Newton’s Method with Analytic Nonlinearity (02-newton-analytic)

Model problem

We will keep the model problem from the previous sections,

-\nabla \cdot (\lambda(u)\nabla u) - f(x,y) = 0, \ \ \ u = u_D \ \mbox{on}\ \partial \Omega.

Recall that the domain is a square \Omega = (-10,10)^2, f(x,y) = 1, and the nonlinearity \lambda has the form

\lambda(u) = 1 + u^\alpha

where \alpha is an even nonnegative integer. Also recall from the previous section that

F_i(\bfY) =  \int_{\Omega} \lambda(u)\nabla u \cdot \nabla v_i
- f v_i \, \mbox{d}x\mbox{d}y.

and

J_{ij}(\bfY) =
\int_{\Omega} \left[ \frac{\partial \lambda}{\partial u}(u) v_j
\nabla u + \lambda(u)\nabla v_j \right] \cdot \nabla v_i \, \mbox{d}x\mbox{d}y.
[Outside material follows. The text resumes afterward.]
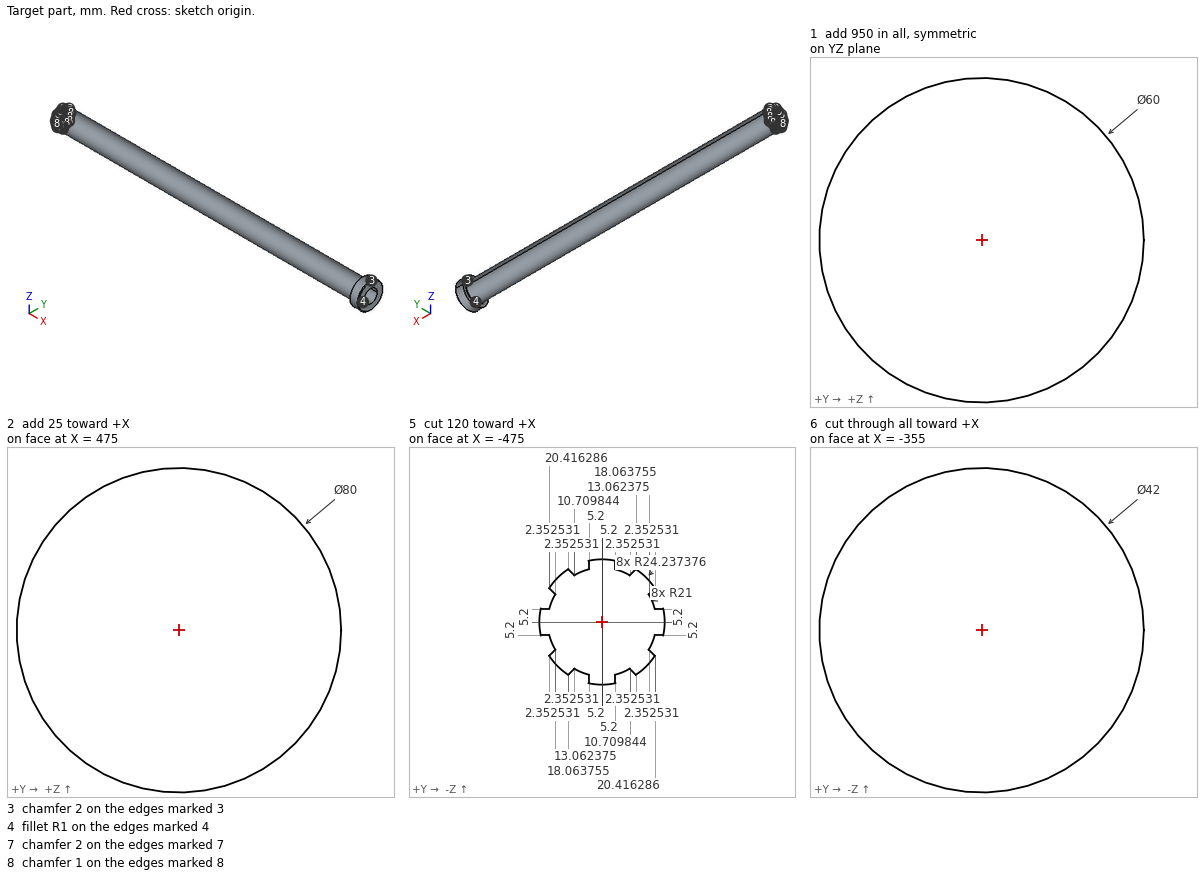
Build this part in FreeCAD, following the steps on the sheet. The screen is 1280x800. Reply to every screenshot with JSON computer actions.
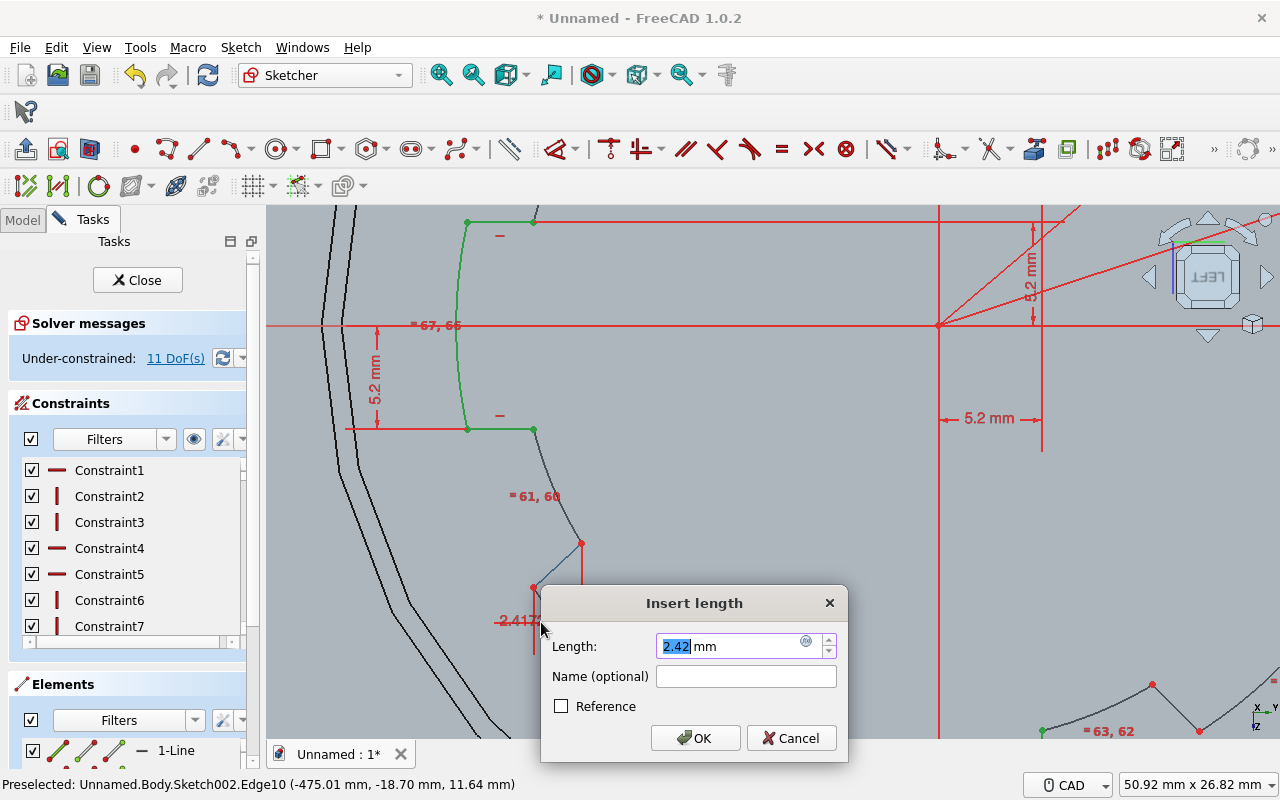
{"action": "type", "text": "2.352531"}
{"action": "key", "text": "Return"}

Initializing the weak formulation

This is very simple, using the predefined DefaultWeakFormPoisson class:

// Initialize the weak formulation
CustomNonlinearity lambda(alpha);
Hermes2DFunction<double> src(-heat_src);
DefaultWeakFormPoisson<double> wf(HERMES_ANY, &lambda, &src);

We should mention that the CustomNonlinearity class is identical with example 01-picard.
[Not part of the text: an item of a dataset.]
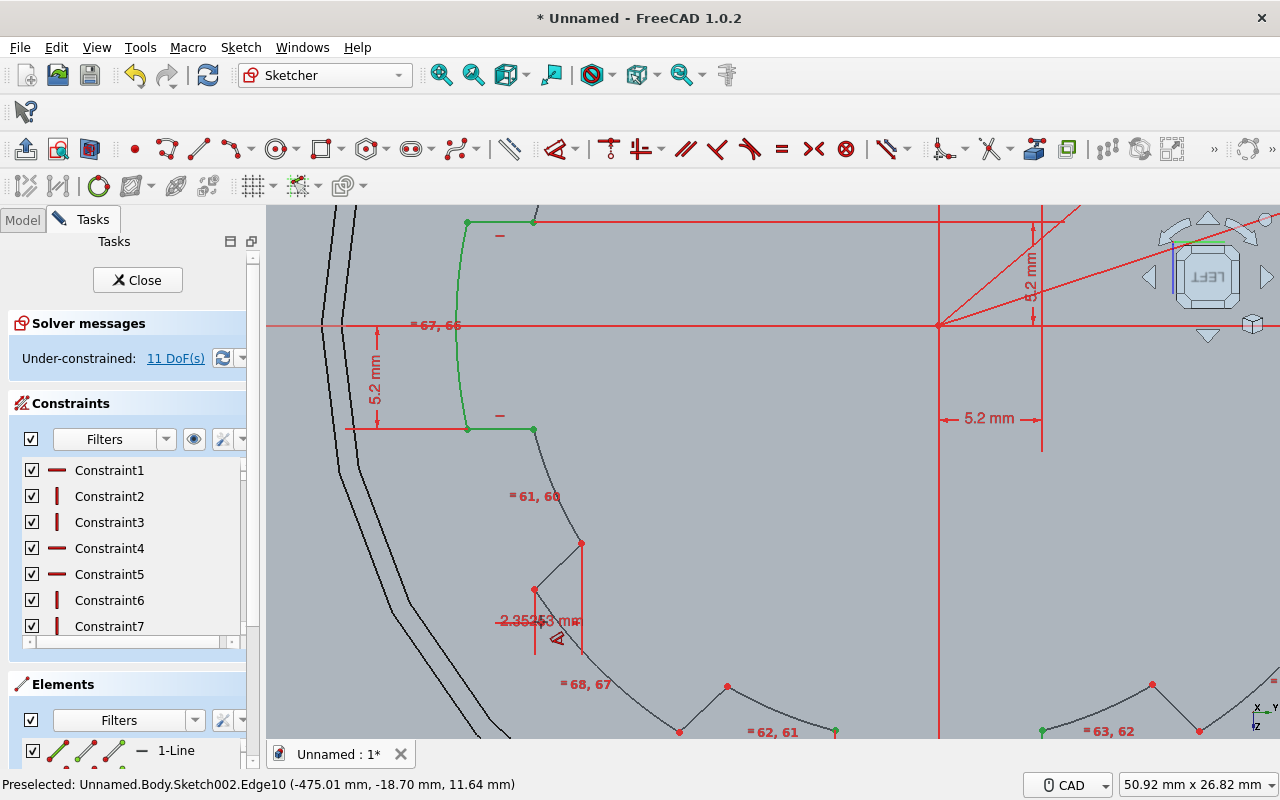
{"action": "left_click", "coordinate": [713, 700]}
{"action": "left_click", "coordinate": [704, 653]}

Obtaining a good initial coefficient vector

It is possible to start the Newton’s method from the zero vector, but then the convergence may be slow or the method may diverge. We usually prefer to project an initial solution guess (a function) on the finite element space, to obtain an initial coefficient vector:

// Project the initial condition on the FE space to obtain initial
// coefficient vector for the Newton's method.
// NOTE: If you want to start from the zero vector, just define
// coeff_vec to be a vector of ndof zeros (no projection is needed).
info("Projecting to obtain initial vector for the Newton's method.");
double* coeff_vec = new double[ndof];
CustomInitialCondition init_sln(&mesh);
OGProjection<double> ogProjection; ogProjection.project_global(&space, &init_sln, coeff_vec);

The Newton’s iteration loop

The Newton’s iteration loop is done as in linear problems:

// Initialize Newton solver.
NewtonSolver<double> newton(&dp);

// Perform Newton's iteration.
try
{
  newton.solve(coeff_vec);
}
catch(Hermes::Exceptions::Exception e)
{
  e.printMsg();
}

Note that the Newton’s loop always handles a coefficient vector, not Solutions.
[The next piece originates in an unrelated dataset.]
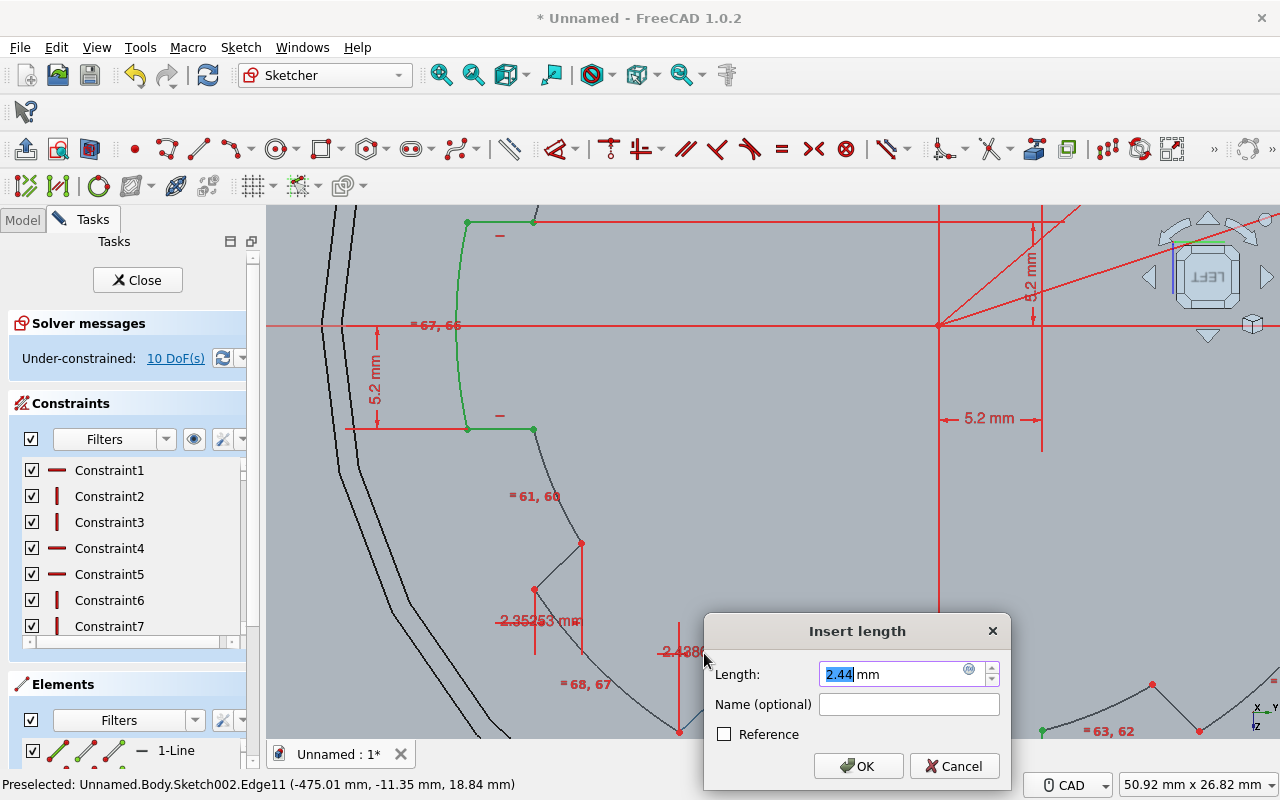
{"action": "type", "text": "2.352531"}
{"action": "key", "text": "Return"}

Translating the resulting coefficient vector into a Solution

After the Newton’s loop is finished, the resulting coefficient vector is translated into a Solution as follows:

// Translate the resulting coefficient vector into a Solution.
Solution<double> sln;
Solution<double>::vector_to_solution(newton.get_sln_vector(), &space, &sln);

Cleaning up

As a last step, we clean up as usual:

// Clean up.
delete [] coeff_vec;

Convergence

Compare the following with the convergence of the Picard’s method in example 01-picard:

I ndof: 961
I Projecting to obtain initial vector for the Newton's method.
I ---- Newton initial residual norm: 1160.42
I ---- Newton iter 1, residual norm: 949.355
I ---- Newton iter 2, residual norm: 291.984
I ---- Newton iter 3, residual norm: 78.189
I ---- Newton iter 4, residual norm: 13.0967
I ---- Newton iter 5, residual norm: 0.585997
I ---- Newton iter 6, residual norm: 0.00127226
I ---- Newton iter 7, residual norm: 5.27303e-09
  << close all views to continue >>

Sample results

The resulting approximation is the same as in example P02/01-picard.